QP1a Now, many people we’ve talked with tonight were unable to vote in primary elections this year, how about you, did you vote in a 2010 primary election in your state? (IF “YES,” THEN ASK:) And, did you vote in the
Democratic or Republican Party Primary?+
Yes, voted in a Republican Party Primary …………… 28
Yes, voted in a Democratic Party Primary……………. 33
Yes, voted in an Open Primary (VOL) ……………… 4
No, did not vote in any primaries ……………………….. 34
Not sure …………………………………………………….. 1
+ Results shown reflect responses among registered voters.
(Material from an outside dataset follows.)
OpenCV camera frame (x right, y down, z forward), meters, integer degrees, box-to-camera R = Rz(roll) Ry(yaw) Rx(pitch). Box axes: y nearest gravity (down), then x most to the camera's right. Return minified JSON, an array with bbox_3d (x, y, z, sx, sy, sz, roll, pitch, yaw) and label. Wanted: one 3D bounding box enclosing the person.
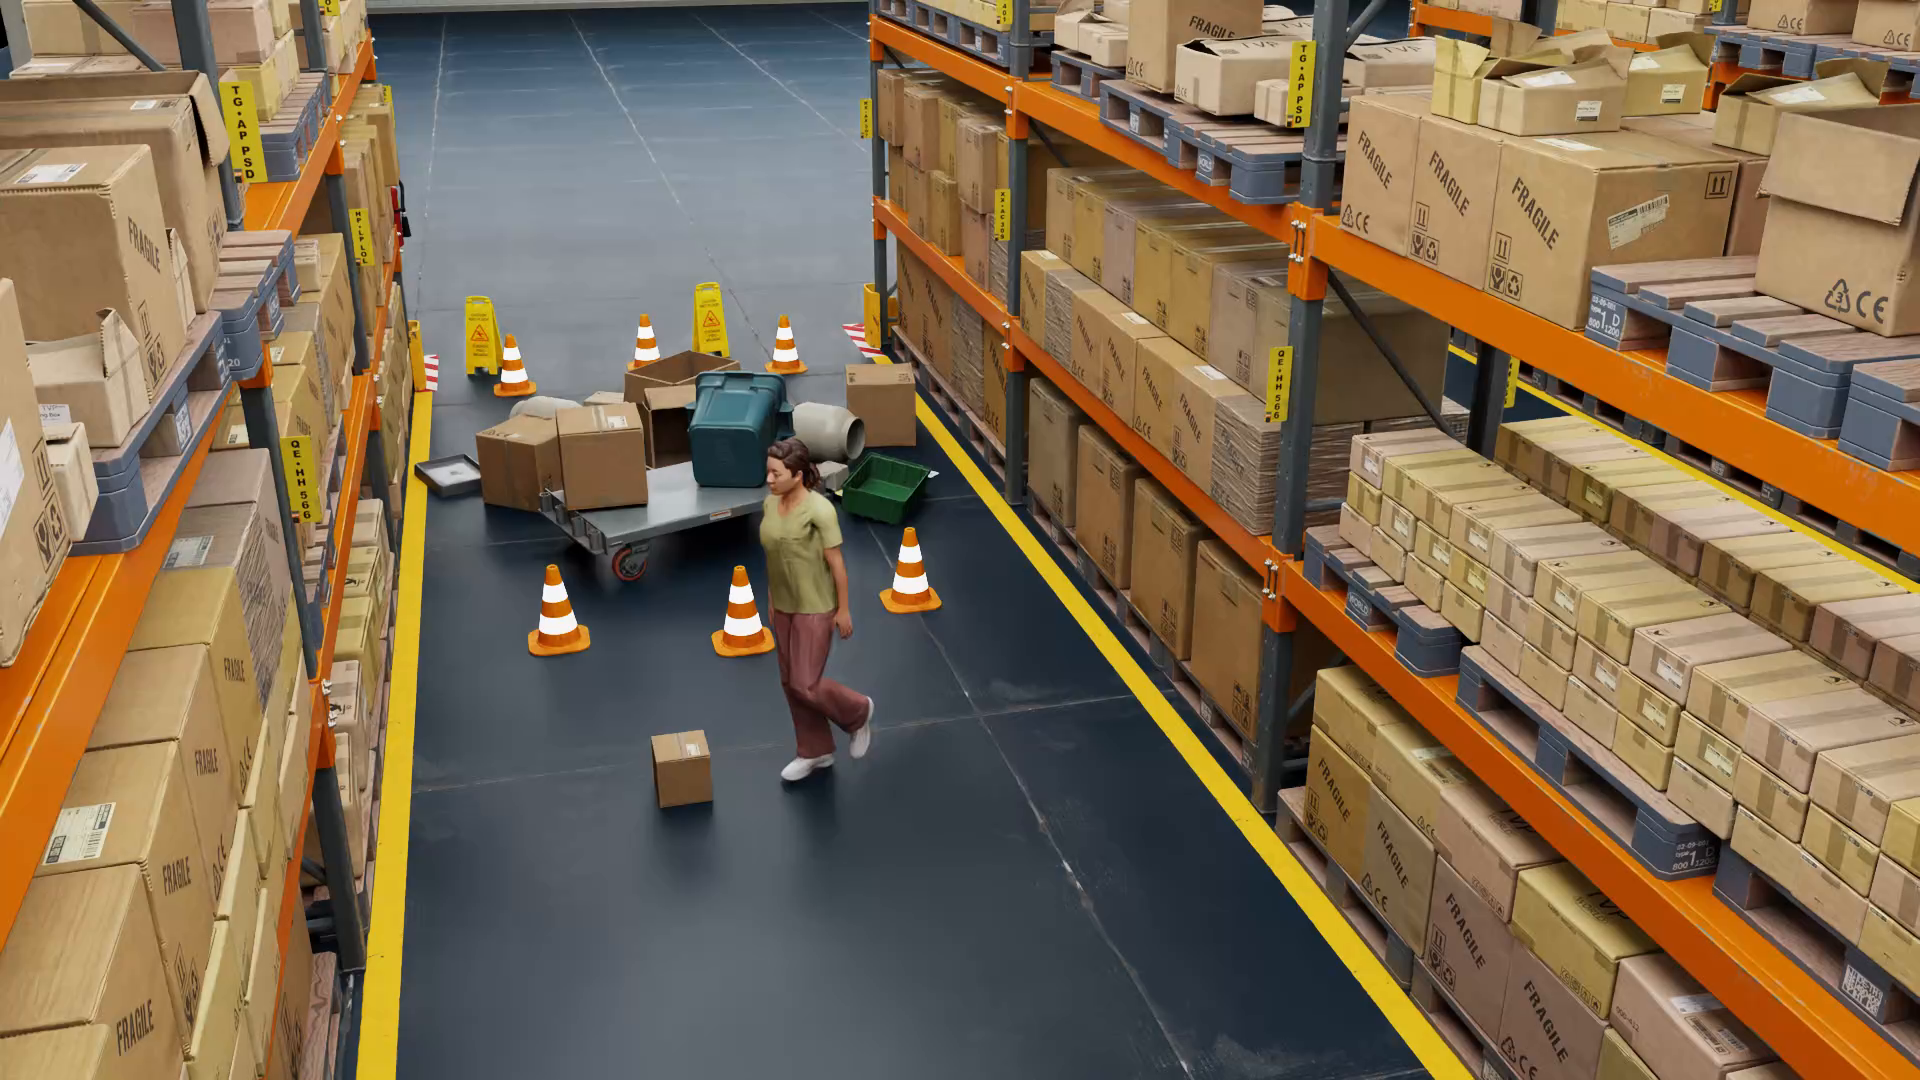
[{"bbox_3d":[-0.723,0.313,7.812,0.503,1.667,0.503,19,30,38],"label":"person"}]

F1b/c. A lot of people are unable to get out and vote for many reasons. Did you happen to vote in last November’s election for president? (IF “YES,” ASK:) For whom did you vote — Barack Obama, John McCain, or someone else?
Yes, Voted 82
Voted for Barack Obama……………. 41
Voted for John McCain………………. 31
Voted for someone else …………….. 5
Not sure …………………………………. 5
No, Did Not Vote ………………………. 18
Not sure ……………………………….. –

[…]

QF4 Generally speaking, do you think of yourself as (ROTATE:) a Democrat, a Republican, an independent, or something else? (IF “DEMOCRAT” OR “REPUBLICAN,” ASK:) Would you call yourself a strong (Democrat/Republican) or not a very strong (Democrat/Republican)? (IF “NOT SURE,” CODE AS “NOT VERY STRONG DEMOCRAT/REPUBLICAN.”) (IF “INDEPENDENT,” ASK:) Do you think of yourself as closer to the Republican Party, closer to the Democratic Party, or do you think of yourself as strictly independent? (IF “NOT SURE,” CODE AS “STRICTLY INDEPENDENT.”)
Strong Democrat ……………………… 20
Not very strong Democrat ………….. 15
Independent/lean Democrat……….. 8
Strictly Independent ………………….. 13
Independent/lean Republican……… 11
Not very strong Republican………… 12
Strong Republican……………………. 14
Other (VOL) ……………………………. 5
Not sure ……………………………….. 2

[…]

QF9 Do you have any children in pre-school, kindergarten to fifth grade, middle school, or high school currently living in your household? (IF YES, SPECIFY)(ACCEPT ALL THAT APPLY)
Total Yes, PreK-12th Grade 32
Yes, Pre-school……………………………………………… 10
Yes, K-5th grade …………………………………………….. 13
Yes, Middle School…………………………………………. 9
Yes, High school ……………………………………………. 10
Yes, have kids at home out of high school (VOL) .. 3
No, no kids ………………………………………………….. 61
Not sure ……………………………………………………… 4

Okay, let’s get this straight… The sample surveyed for this poll was not limited to likely voters or even registered voters. The poll oversampled Democrat primary voters over Republican primary voters by 5 points and strong Democrats over strong Republicans by 6 points. It sampled Obama voters over McCain voters by 10 points (even though Obama’s actual margin of victory over McCain was 7 points in the 2008 election). And a whopping 61 percent of the people surveyed don’t have any children? Where was this poll conducted, in a singles apartment building in Manhattan?